Endpoint Protection - IT has automated the configuration and deployment process Symantec Endpoint Protection (SEP) agents for both Linux and Windows.  The Secure Enterprise Cloud is currently one of the first to support SEP for Linux.  IT also pre-configured host-based firewalling on Golden AMI images, ensuring AMIs comply with IT Security regulations by-default.
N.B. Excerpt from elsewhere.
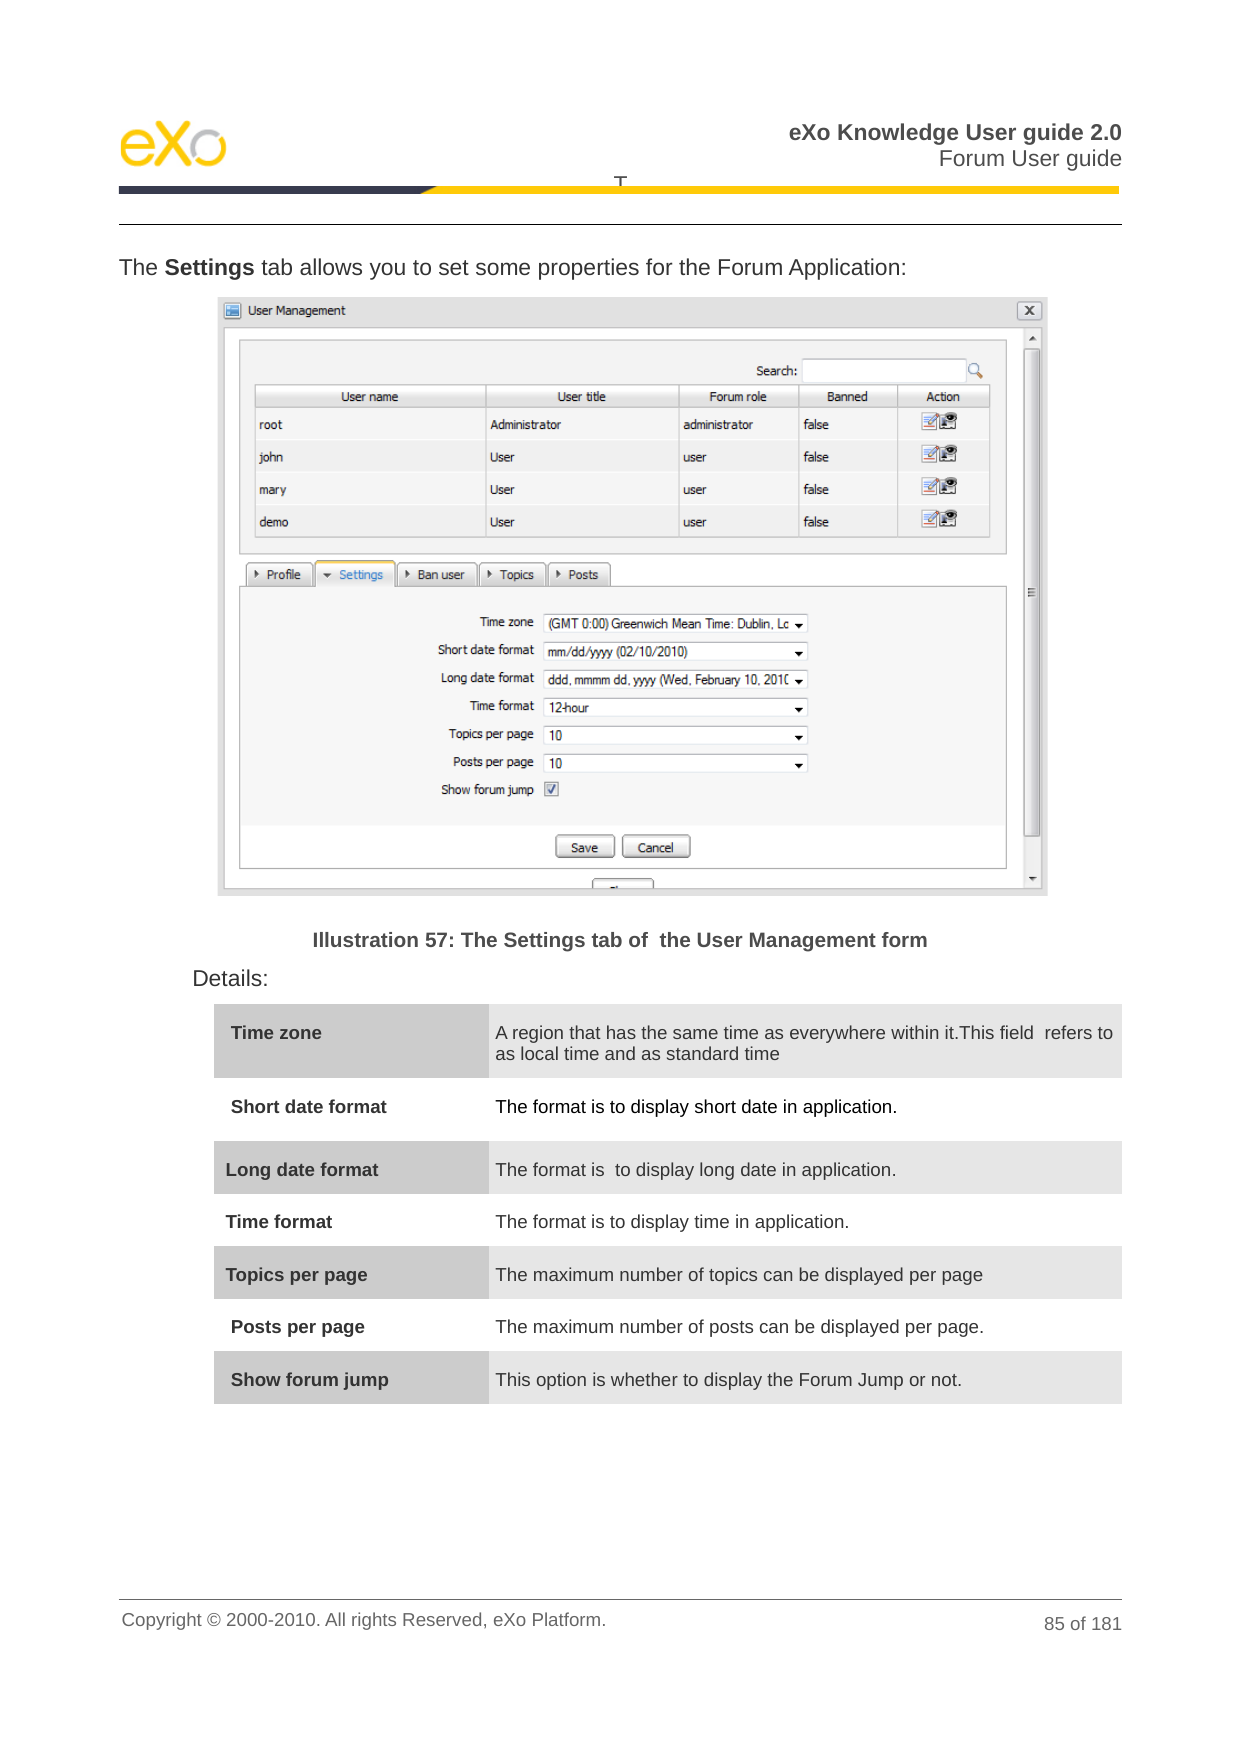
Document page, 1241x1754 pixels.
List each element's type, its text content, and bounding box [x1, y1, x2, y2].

Clients immediately benefit from enhanced endpoint protection posture with minimal administrative and/or user overhead.

The rough cost of the provisioned services is $52/mo (baseline), 36.60 of which comes from the VPC attachments.

Additional Platform Features:

100% Infrastructure-as-code - IT manages resilient Terraform Enterprise cluster from which all SEC client services and the SEC core infrastructure are provisioned/configured.  Not a single resource deployed by IT is configured manually!  SEC Administrators have very few additional privileges over SEC clients - all infrastructure configuration management occurs from automation tools (Jenkins, Ansible, Terraform, etc) with no human interaction (outside process approval).  The automation is currently capable of fully deploying a new account and configure all services in under 30min!  We have even tested a complete regional rebuild successfully.

Golden AMI + Hardening Pipeline - IT provides hardened AMIs (currently 5 OS flavors) to clients, complete with integrated central IT tools like FireEye, Inspector, CloudWatch, SEP, BigFix, etc.  Fully-automated pipeline is made up of a collection of open-source tools including Ansible, Packer, Jenkins, and Terraform which can very quickly and easily be adapted to address other cloud providers (Azure, VMware, GCP, etc).  Images are periodically patched, updated, and released to clients transparently.

VCS-backed-everything - All Secure Enterprise Cloud services and pipelines are backed by GitHub (Enterprise) VCS hosted internally within UCSF's datacenters for HIPAA compliance.  This includes everything from the TF IaC defining both client and platform service configuration to the config management roles and CI/CD playbooks that tie all of our functionality together. 

Integration with other central IT teams - The UCSF Cloud team has worked closely with many other IT teams throughout this process, particularly IT Security, Networking, Storage, and Systems.